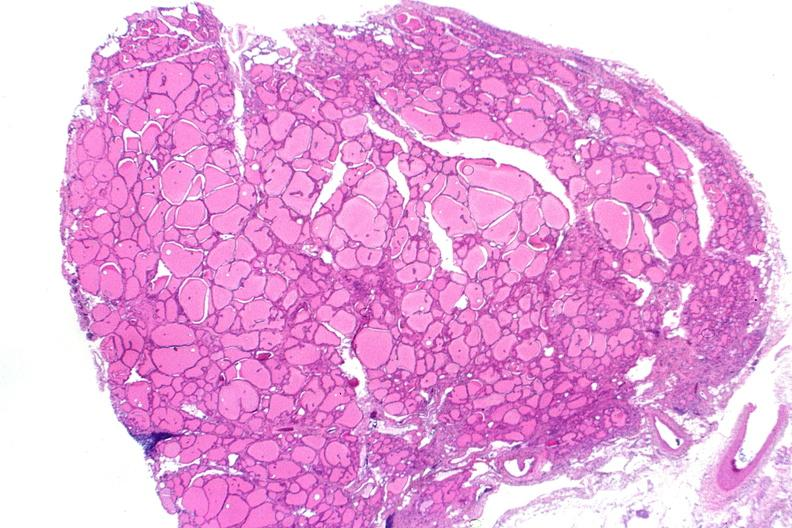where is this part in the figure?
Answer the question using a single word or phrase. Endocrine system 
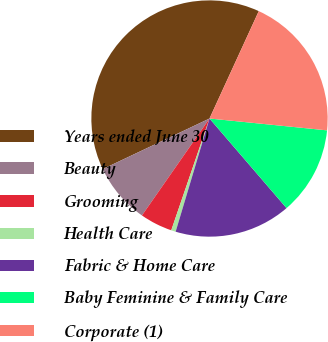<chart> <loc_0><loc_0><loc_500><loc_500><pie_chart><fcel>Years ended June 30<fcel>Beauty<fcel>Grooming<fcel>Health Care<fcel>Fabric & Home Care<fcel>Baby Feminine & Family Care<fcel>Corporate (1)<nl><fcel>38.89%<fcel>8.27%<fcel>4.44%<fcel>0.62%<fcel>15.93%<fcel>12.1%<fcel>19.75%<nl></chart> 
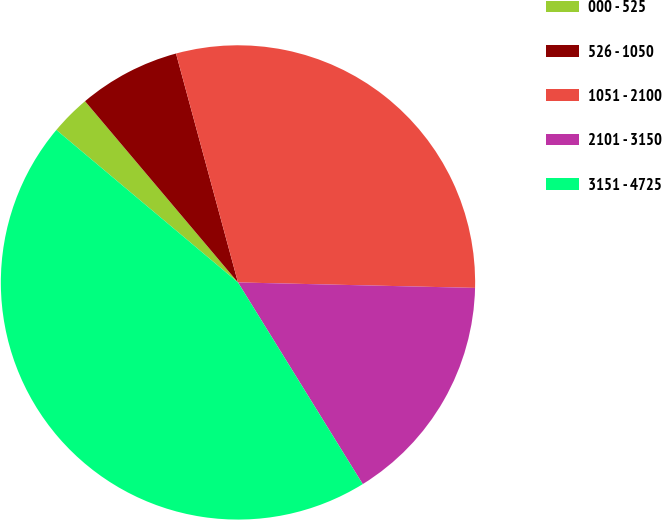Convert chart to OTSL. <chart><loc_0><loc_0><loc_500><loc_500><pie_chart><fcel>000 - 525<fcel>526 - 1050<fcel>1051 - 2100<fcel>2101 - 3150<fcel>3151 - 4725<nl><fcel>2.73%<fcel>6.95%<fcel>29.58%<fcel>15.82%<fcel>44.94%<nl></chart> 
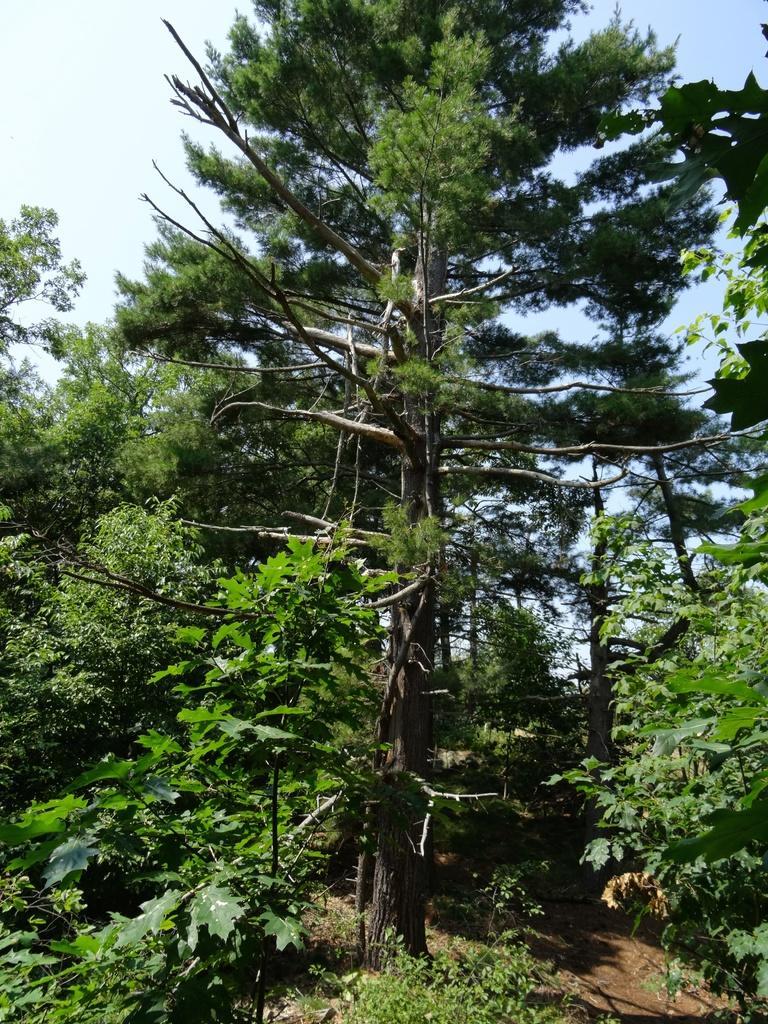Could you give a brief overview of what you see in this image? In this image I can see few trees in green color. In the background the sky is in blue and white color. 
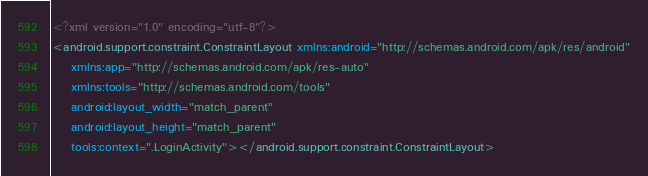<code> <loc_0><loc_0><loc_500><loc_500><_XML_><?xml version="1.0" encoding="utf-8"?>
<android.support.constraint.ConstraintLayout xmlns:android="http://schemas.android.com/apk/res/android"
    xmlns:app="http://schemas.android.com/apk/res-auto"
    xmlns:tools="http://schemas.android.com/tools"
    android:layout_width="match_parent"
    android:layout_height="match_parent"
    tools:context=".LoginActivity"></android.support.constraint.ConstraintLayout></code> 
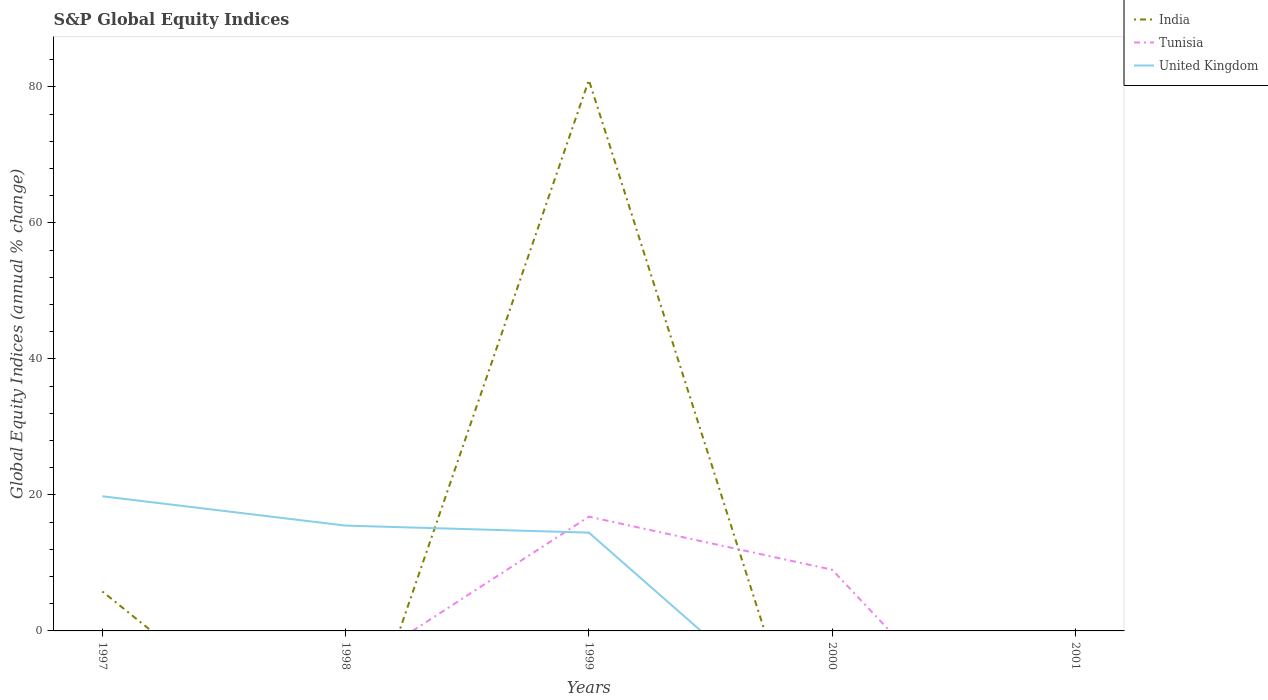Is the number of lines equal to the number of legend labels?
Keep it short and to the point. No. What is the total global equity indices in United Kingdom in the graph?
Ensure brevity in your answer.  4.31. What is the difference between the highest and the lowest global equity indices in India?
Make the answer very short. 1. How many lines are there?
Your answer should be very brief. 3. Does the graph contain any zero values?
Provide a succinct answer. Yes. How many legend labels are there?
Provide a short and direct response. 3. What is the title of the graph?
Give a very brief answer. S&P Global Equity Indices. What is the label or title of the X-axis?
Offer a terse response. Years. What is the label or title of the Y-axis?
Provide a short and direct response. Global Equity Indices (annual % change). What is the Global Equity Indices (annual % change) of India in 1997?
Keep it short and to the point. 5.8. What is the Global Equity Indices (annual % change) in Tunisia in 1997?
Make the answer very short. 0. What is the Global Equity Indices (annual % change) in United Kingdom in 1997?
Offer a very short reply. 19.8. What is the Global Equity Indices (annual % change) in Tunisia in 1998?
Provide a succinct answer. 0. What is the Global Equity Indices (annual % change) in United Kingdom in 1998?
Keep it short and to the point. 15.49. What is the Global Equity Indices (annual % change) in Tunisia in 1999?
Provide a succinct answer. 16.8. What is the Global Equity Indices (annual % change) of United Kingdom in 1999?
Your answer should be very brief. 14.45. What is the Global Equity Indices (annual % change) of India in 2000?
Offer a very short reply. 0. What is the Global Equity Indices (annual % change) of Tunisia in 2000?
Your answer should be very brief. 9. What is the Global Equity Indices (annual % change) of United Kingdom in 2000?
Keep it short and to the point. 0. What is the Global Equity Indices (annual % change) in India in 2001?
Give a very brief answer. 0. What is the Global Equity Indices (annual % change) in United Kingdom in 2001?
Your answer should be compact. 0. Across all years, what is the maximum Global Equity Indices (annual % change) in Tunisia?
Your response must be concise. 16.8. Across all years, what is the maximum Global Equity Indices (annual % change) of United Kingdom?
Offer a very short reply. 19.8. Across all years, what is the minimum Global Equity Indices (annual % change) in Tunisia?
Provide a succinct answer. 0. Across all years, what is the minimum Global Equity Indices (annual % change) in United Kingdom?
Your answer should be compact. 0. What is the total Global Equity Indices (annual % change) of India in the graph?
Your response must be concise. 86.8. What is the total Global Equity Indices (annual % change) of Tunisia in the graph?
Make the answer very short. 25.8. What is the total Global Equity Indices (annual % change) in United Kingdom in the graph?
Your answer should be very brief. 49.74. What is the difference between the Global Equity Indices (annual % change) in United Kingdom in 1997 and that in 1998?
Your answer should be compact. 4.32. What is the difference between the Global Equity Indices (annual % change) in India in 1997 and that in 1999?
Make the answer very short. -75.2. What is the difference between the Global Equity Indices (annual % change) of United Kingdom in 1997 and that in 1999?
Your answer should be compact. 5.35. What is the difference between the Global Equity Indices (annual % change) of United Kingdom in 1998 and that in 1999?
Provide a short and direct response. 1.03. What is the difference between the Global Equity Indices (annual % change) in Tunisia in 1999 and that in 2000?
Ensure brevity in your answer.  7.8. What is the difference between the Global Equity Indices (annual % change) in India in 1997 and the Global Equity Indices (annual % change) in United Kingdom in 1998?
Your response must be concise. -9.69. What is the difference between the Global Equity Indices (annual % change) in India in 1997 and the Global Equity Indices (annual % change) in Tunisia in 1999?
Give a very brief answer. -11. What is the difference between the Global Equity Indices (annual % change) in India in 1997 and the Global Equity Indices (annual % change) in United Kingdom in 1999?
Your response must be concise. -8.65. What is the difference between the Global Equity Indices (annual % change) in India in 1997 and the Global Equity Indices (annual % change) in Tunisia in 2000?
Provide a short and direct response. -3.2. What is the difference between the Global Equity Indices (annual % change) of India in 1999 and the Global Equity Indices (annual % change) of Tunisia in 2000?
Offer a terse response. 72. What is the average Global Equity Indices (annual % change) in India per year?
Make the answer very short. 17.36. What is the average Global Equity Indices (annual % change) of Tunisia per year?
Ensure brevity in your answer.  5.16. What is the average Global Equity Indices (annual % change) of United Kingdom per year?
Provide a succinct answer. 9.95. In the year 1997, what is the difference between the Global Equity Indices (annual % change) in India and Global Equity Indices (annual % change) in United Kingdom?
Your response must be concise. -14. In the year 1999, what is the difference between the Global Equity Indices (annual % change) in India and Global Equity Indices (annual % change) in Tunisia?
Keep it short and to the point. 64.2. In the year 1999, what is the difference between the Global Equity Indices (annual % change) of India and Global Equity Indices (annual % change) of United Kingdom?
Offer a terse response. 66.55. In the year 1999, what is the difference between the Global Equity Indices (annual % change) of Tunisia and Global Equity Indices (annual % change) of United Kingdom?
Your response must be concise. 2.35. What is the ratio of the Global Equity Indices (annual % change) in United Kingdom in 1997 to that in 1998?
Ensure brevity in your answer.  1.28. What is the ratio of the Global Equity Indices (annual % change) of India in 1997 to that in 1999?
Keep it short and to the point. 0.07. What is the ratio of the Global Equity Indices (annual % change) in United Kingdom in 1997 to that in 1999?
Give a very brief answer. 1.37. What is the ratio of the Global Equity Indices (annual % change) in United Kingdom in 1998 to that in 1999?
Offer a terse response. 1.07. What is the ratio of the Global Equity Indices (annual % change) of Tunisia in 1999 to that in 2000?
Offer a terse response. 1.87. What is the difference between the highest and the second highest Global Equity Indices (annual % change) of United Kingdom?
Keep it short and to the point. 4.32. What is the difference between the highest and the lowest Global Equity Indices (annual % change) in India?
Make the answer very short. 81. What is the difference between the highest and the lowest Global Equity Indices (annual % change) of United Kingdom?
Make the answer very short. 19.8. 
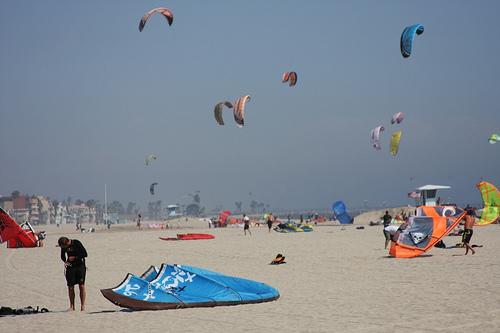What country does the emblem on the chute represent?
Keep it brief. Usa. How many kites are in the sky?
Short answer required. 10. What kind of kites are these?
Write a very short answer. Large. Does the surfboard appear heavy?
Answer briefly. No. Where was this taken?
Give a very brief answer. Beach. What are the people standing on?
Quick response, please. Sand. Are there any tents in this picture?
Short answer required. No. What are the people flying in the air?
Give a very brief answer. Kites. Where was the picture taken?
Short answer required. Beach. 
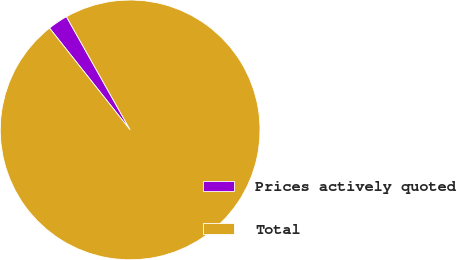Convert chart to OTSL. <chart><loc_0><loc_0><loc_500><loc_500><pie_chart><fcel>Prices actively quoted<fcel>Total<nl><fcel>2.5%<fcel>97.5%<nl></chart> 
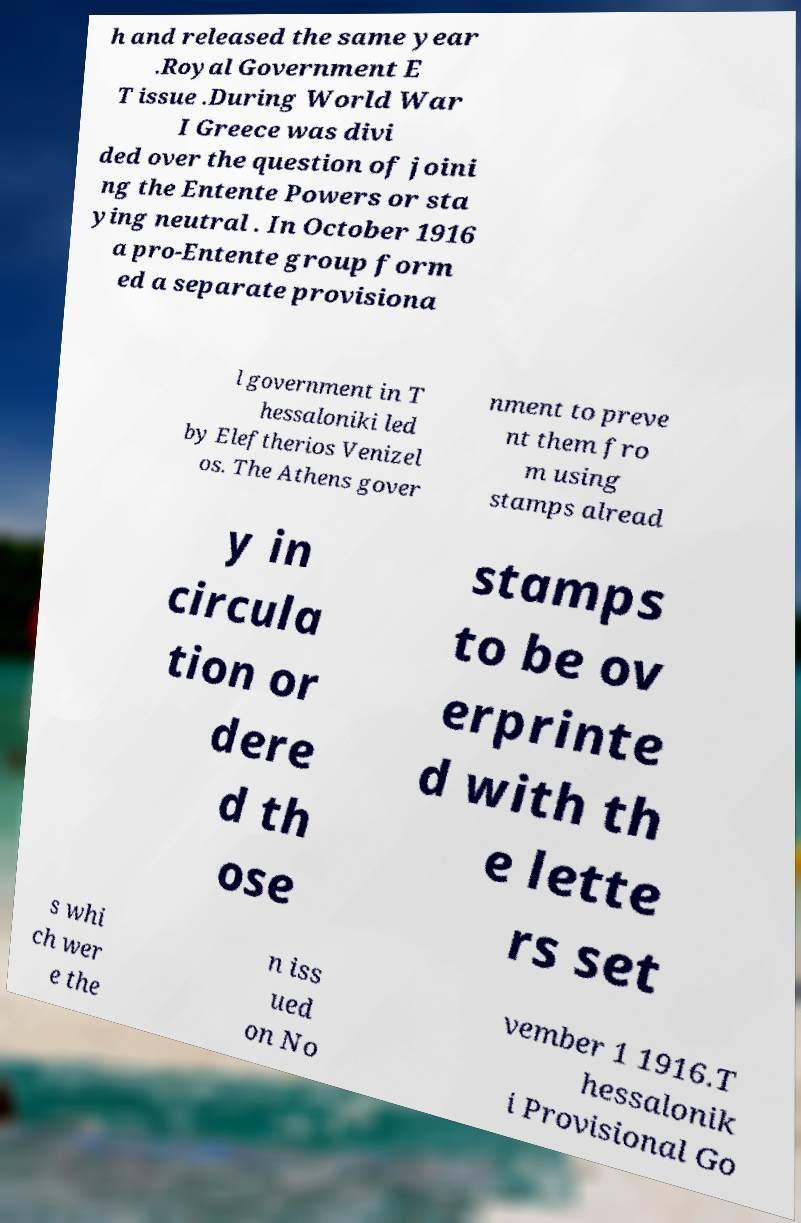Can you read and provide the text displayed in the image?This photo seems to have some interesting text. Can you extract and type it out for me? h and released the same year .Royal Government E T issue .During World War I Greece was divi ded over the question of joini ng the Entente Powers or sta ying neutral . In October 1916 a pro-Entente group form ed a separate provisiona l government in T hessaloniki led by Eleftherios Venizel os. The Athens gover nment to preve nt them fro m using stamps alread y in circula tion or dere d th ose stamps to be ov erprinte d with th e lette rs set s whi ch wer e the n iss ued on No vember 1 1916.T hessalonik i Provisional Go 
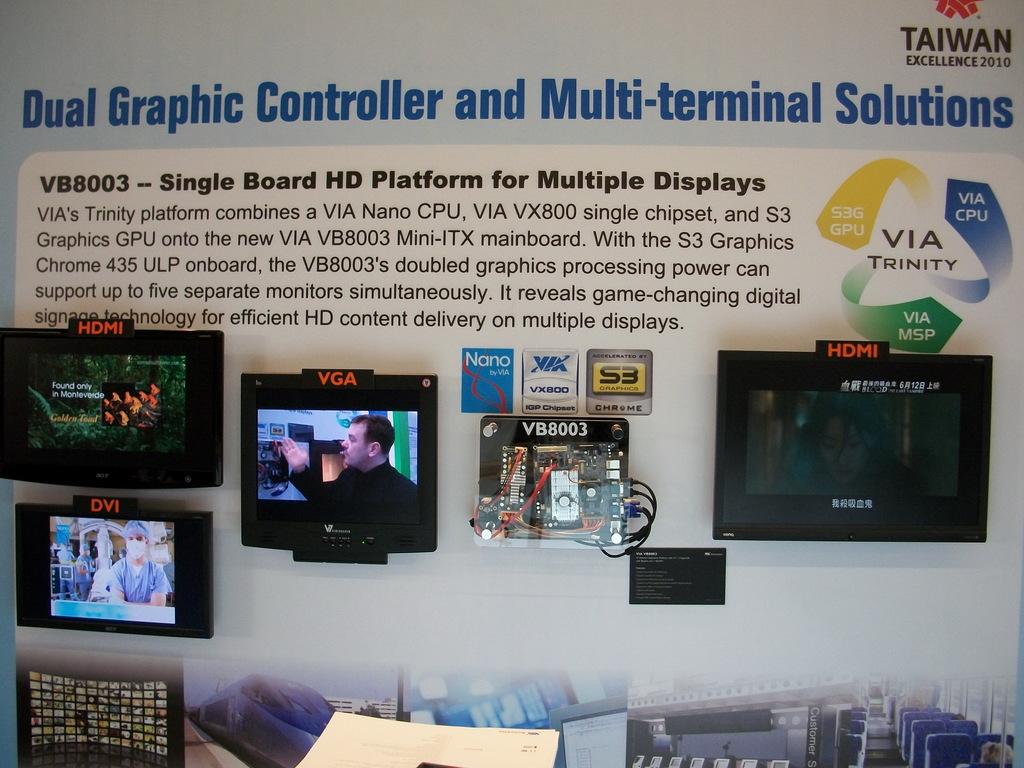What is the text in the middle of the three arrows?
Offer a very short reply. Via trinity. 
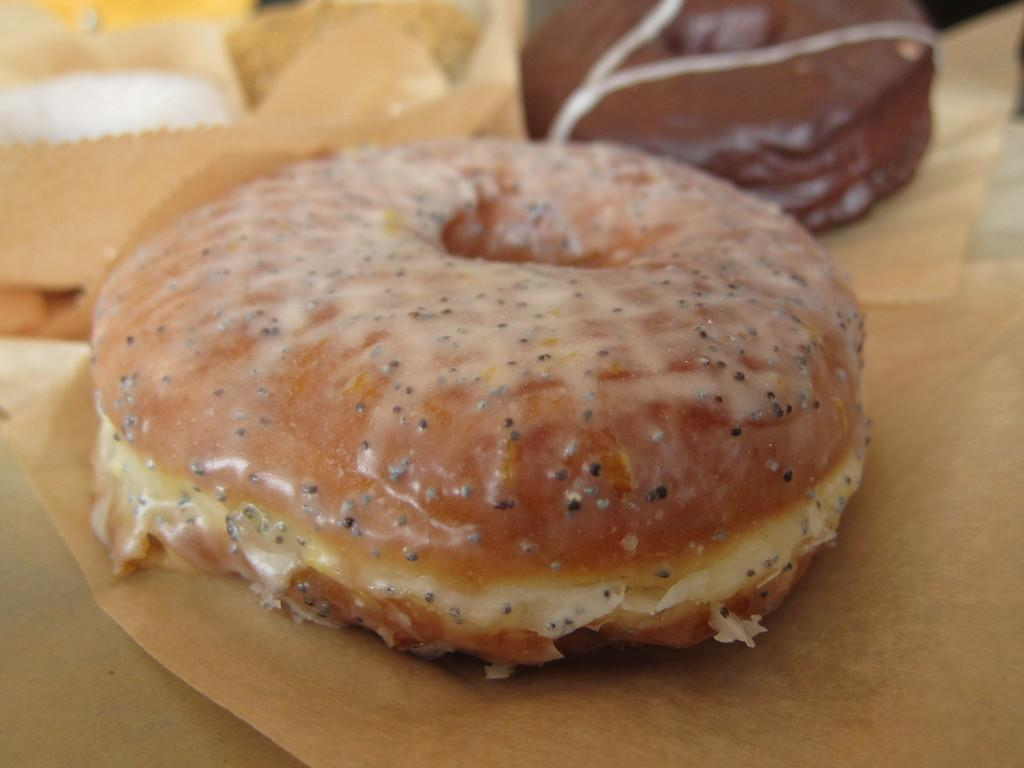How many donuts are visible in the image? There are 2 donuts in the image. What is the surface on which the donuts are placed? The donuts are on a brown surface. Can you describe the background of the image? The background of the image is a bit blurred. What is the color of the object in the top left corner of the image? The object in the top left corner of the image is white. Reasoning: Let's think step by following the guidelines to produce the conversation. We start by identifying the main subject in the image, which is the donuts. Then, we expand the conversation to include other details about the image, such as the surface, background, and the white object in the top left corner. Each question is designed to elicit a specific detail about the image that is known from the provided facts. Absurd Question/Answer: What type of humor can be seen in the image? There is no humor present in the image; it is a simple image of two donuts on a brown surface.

____

Only a number is expected here: the count of lines with the string "http" in the material above.

• Task response
3